Error in tidymodels - workflowsets : The provided `grid` has the following parameter columns that ha-CodePudding

I try to use workflowsets package or approach in which I get an error. Here are the R codes (Sorry, the codes are quite long):

# Package ----
library(finetune)
library(themis)
library(tidymodels)

# Data ----
data("PimaIndiansDiabetes", package = "mlbench")

table(PimaIndiansDiabetes$diabetes)
str(PimaIndiansDiabetes)
PimaIndiansDiabetes <- 
  PimaIndiansDiabetes %>% 
  mutate(diabetes = relevel(diabetes, "pos"))

# Split ----
set.seed(123)
ind <- initial_split(PimaIndiansDiabetes, strata = diabetes)

dat_train <- training(ind)
dat_test <- testing(ind)

# CV ----
set.seed(123)
dat_cv <- vfold_cv(dat_train, v = 10)

# Recipe ----
dat_rec <- 
  dat_train %>% 
  recipe(diabetes ~.) %>% 
  step_normalize(all_numeric_predictors()) %>% 
  step_smote(diabetes)

# Model ----
parsnip_nn <- 
  mlp(hidden_units = tune(),
      penalty = tune(),
      epochs = tune()) %>% 
  set_mode("classification") %>% 
  set_engine("nnet")

parsnip_log <- 
  logistic_reg(penalty = tune(),
               mixture = tune()) %>% 
  set_engine("glmnet")

# Latin hypercube grid ----
latin_grid <- 
  grid_latin_hypercube(penalty(),
                       mixture(),
                       hidden_units(),
                       epochs(),
                       size = 30)

# Tuning ----
race_ctrl <-
  control_race(
    save_pred = T,
    save_workflow = T,
    verbose = T
  )

class_metrics <- metric_set(accuracy, 
                            f_meas, 
                            j_index, 
                            kap, 
                            precision, 
                            sensitivity, 
                            specificity, 
                            roc_auc, 
                            mcc, 
                            pr_auc)

Tuned_results <- 
  workflow_set(
    preproc = list(rec = dat_rec),
    models = list(parsnip_nn = parsnip_nn,
                  parsnip_log = parsnip_log)
  ) %>% 
  workflow_map(
    fn = "tune_race_anova", 
    seed = 123,
    grid = latin_grid,
    resamples = dat_cv,
    verbose = T,
    metrics = class_metrics,
    control = race_ctrl
  )

This is the error that I get, which basically said some of the parameters of the models are not recognised by tune().

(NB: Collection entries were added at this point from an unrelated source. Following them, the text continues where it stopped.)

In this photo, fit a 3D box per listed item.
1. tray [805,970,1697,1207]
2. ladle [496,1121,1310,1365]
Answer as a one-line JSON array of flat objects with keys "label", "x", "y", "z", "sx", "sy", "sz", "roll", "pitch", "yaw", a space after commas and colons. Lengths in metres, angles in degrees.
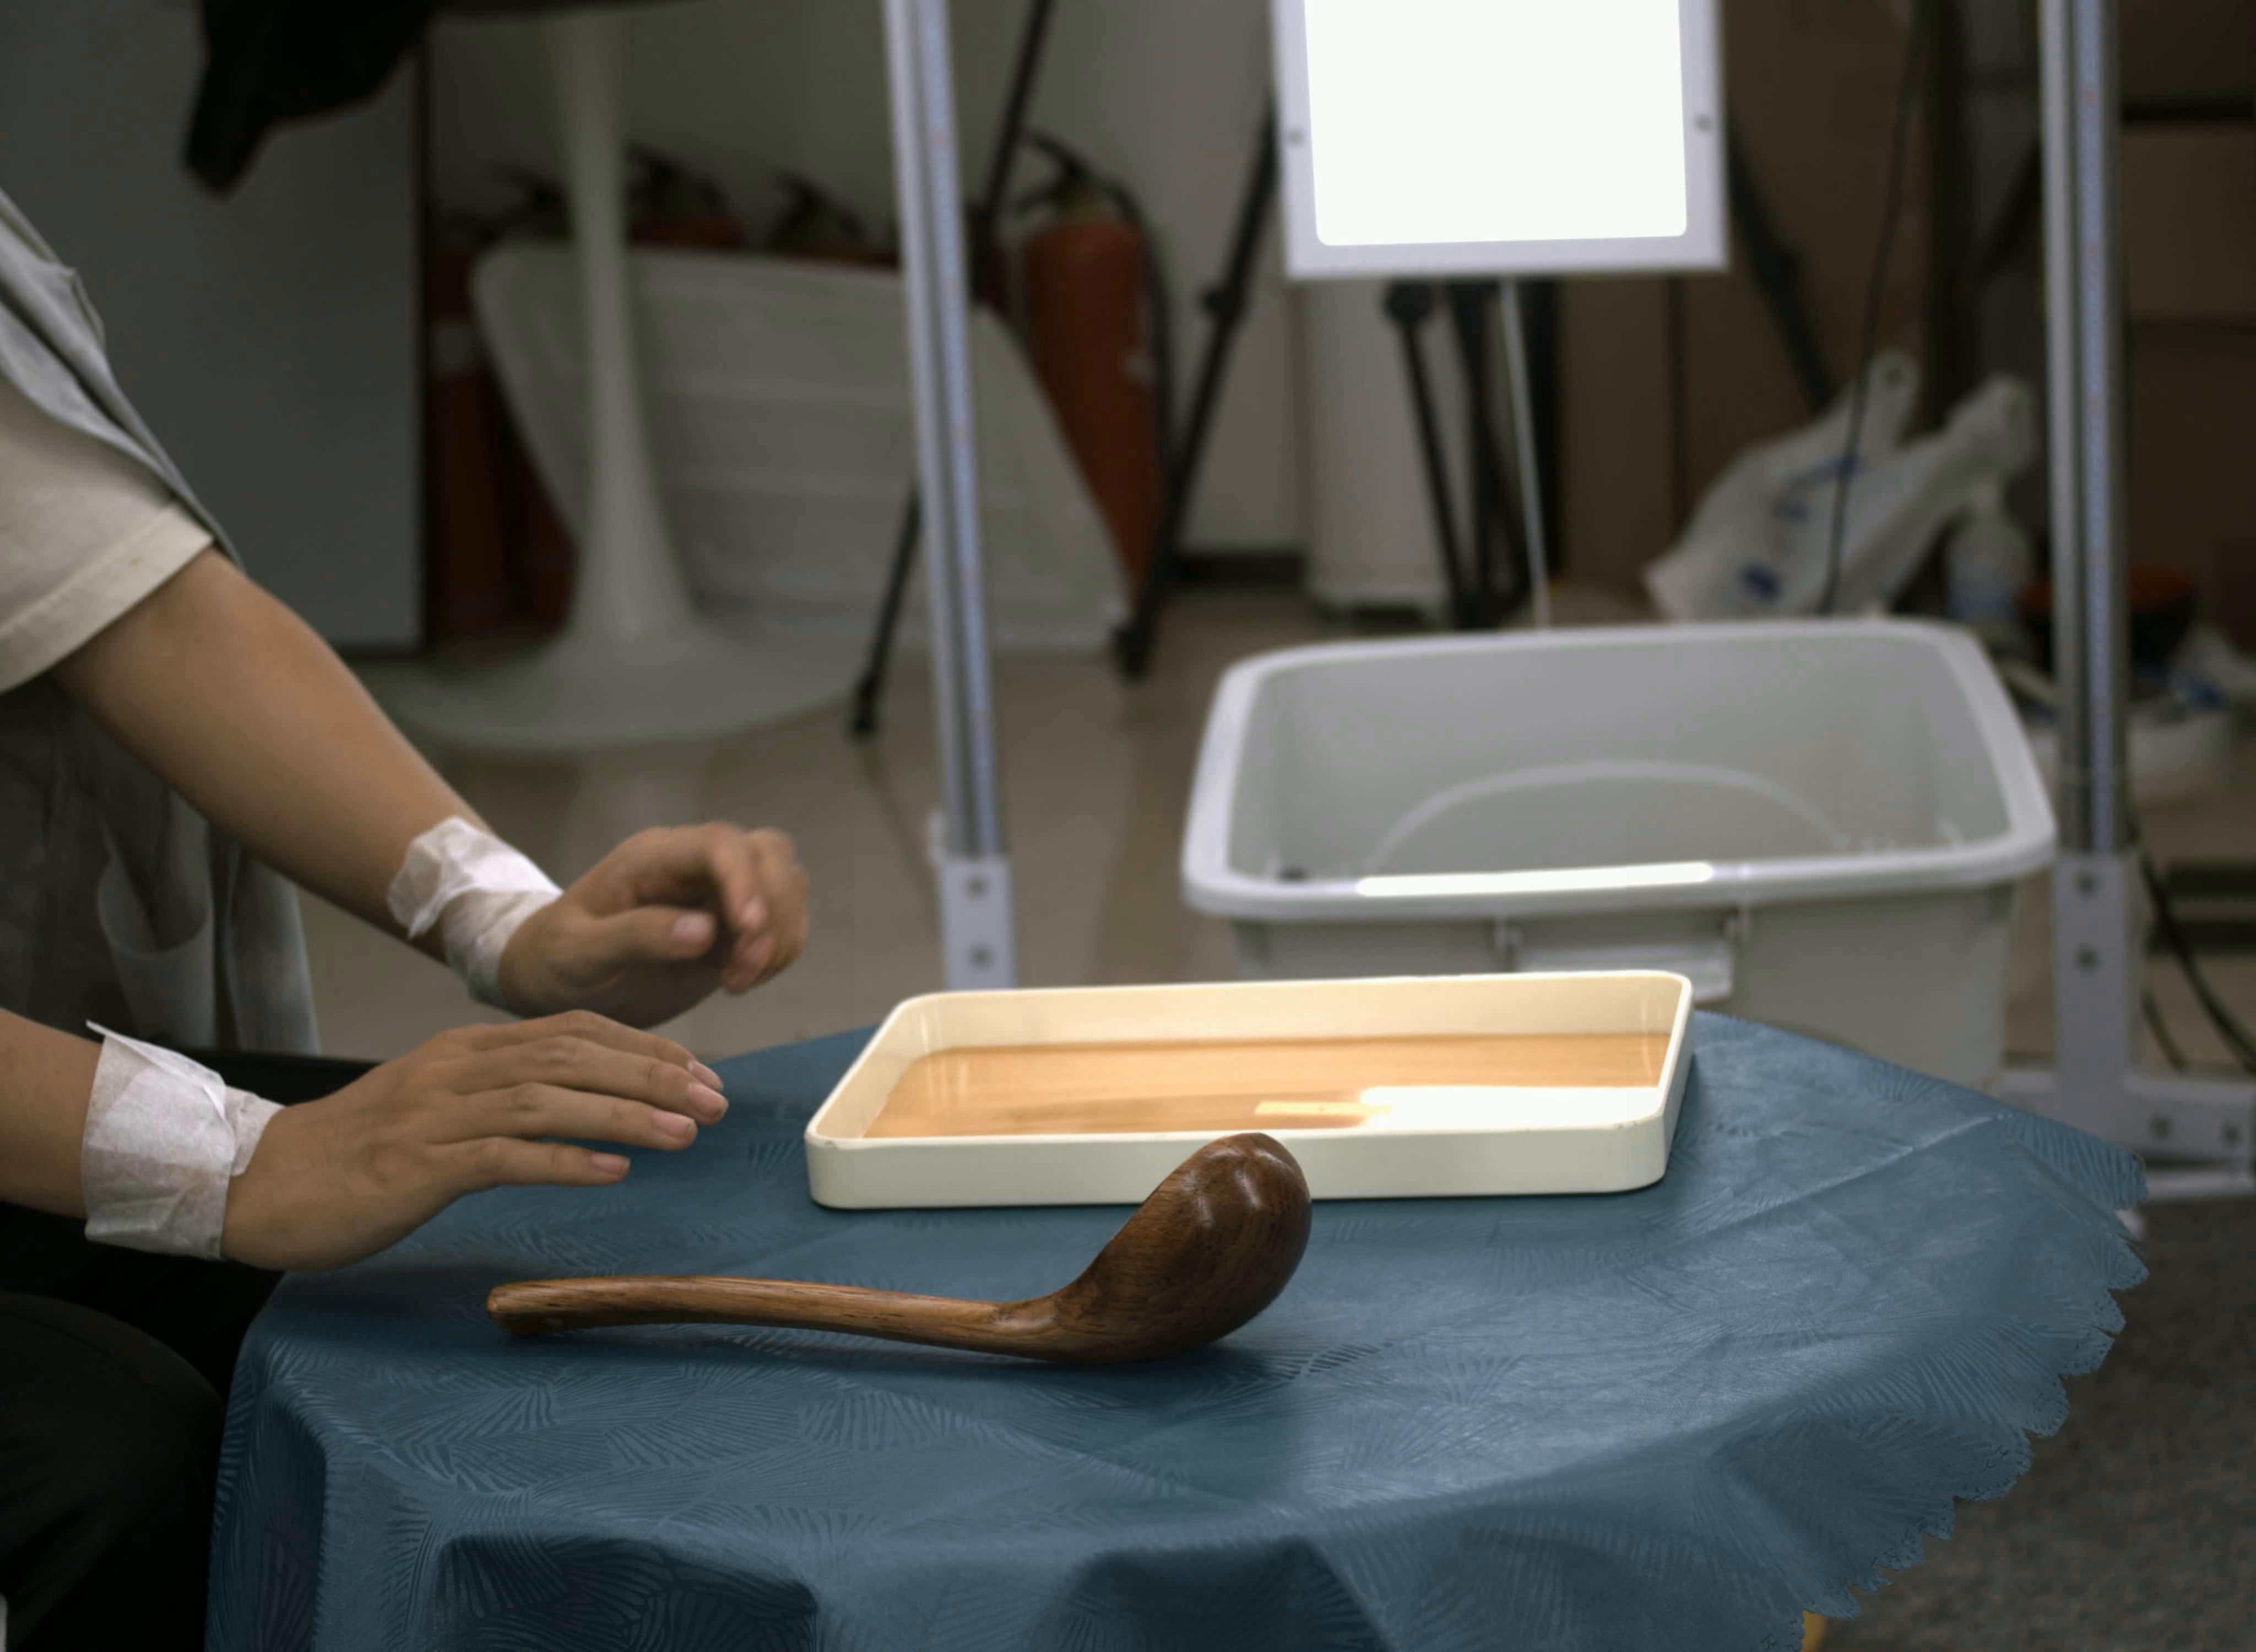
[{"label": "tray", "x": 0.048, "y": 0.093, "z": 1.960, "sx": 0.302, "sy": 0.027, "sz": 0.189, "roll": -2, "pitch": 14, "yaw": 13}, {"label": "ladle", "x": -0.074, "y": 0.131, "z": 1.759, "sx": 0.278, "sy": 0.076, "sz": 0.081, "roll": 0, "pitch": -27, "yaw": 25}]
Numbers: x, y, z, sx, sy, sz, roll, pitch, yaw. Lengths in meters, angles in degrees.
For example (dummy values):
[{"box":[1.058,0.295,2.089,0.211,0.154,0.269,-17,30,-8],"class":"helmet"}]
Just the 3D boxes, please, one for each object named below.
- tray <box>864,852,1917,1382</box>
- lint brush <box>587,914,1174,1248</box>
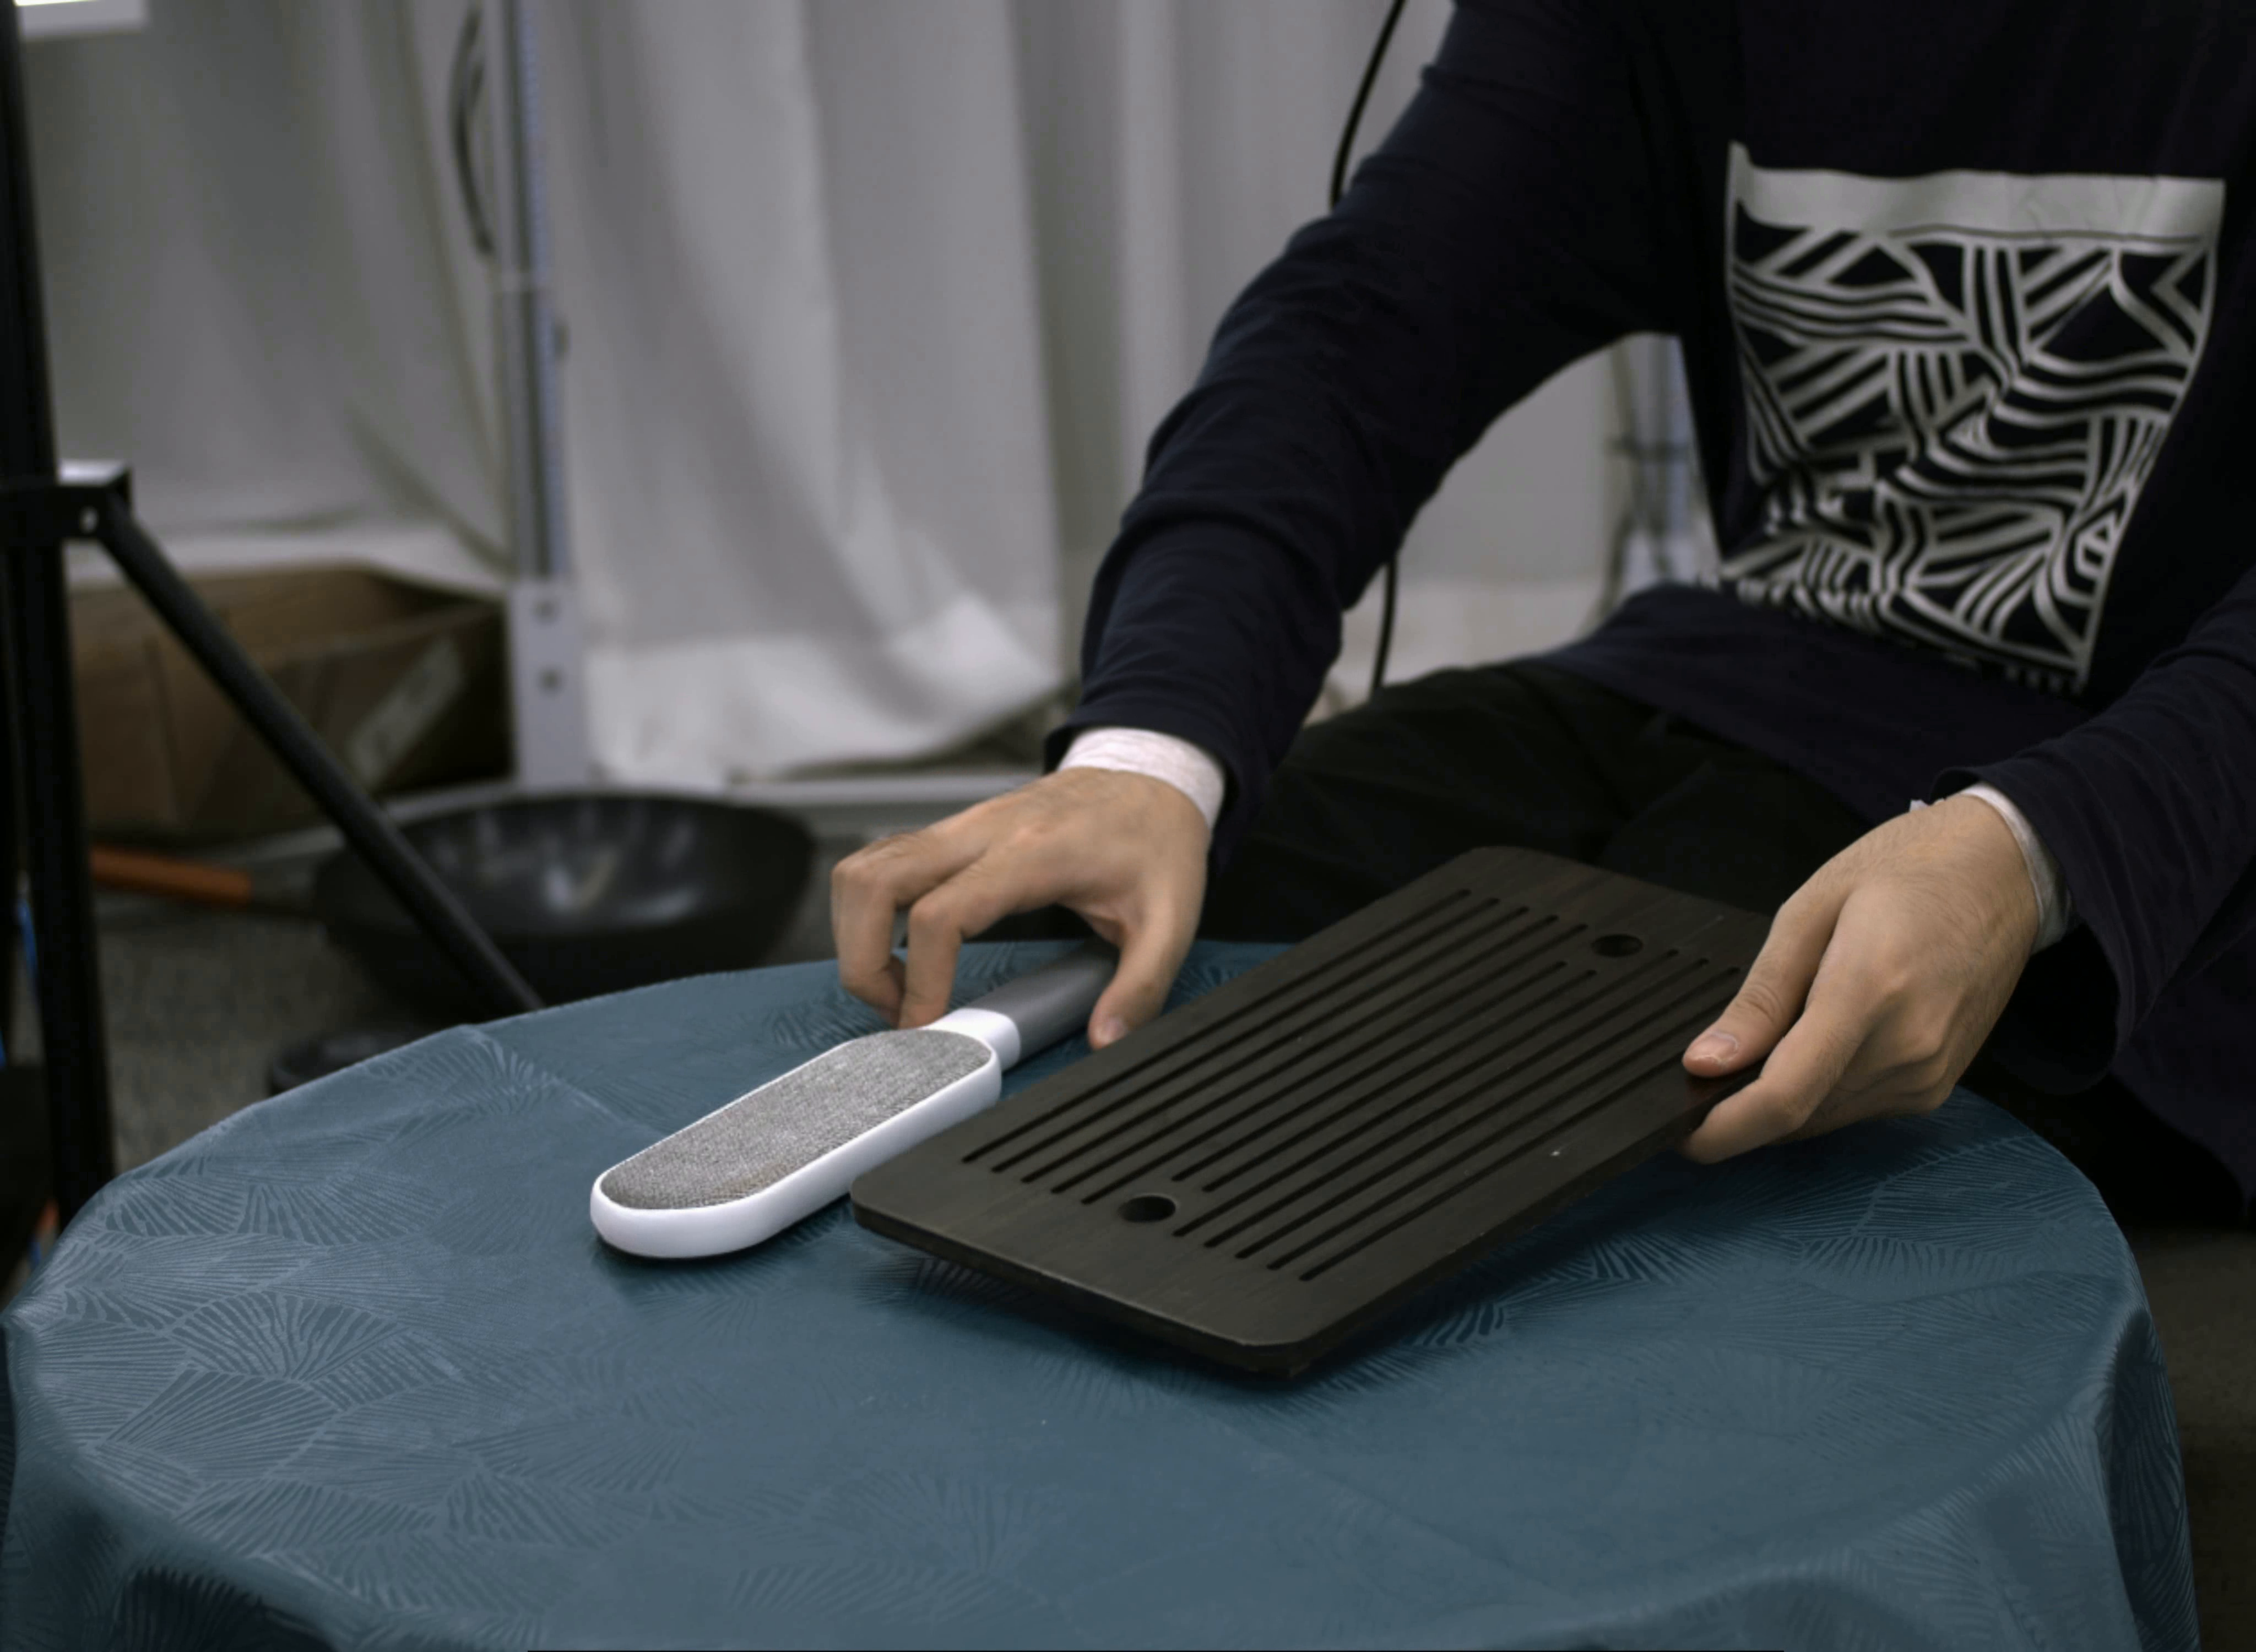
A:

i 1 of 2 tuning: rec_parsnip_nn
x 1 of 2 tuning: rec_parsnip_nn failed with: Error in check_grid(grid = grid, workflow = workflow, pset = pset) : The provided `grid` has the following parameter columns that have not been marked for tuning by `tune()`: 'mixture'.
i 2 of 2 tuning: rec_parsnip_log
x 2 of 2 tuning: rec_parsnip_log failed with: Error in check_grid(grid = grid, workflow = workflow, pset = pset) : The provided `grid` has the following parameter columns that have not been marked for tuning by `tune()`: 'hidden_units', 'epochs'.

And if we check the grid_results:

# A workflow set/tibble: 2 x 4
  wflow_id        info             option    result        
  <chr>           <list>           <list>    <list>        
1 rec_parsnip_nn  <tibble [1 x 4]> <opts[4]> <try-errr [1]>
2 rec_parsnip_log <tibble [1 x 4]> <opts[4]> <try-errr [1]>

I am not sure why the parameters such as mixture, hidden_units and epochs are not recognised by tune(). Any idea where I did wrong?

CodePudding user response：

The neural net doesn't have a parameter called mixture, and the regularized regression model doesn't have parameters called hidden_units or epochs. You can't use the same grid of parameters for both of the models because they don't have the same hyperparameters. Instead, you will want to:

create separate grids for the two models
use option_add() to add each grid to its model via the id argument

Also check out Chapter 15 of TMwR to see more about how to add an option to only a specific workflow. Since you are using a Latin hybercube, which is the default in tidymodels, you might want to just skip all that and use grid = 30 instead.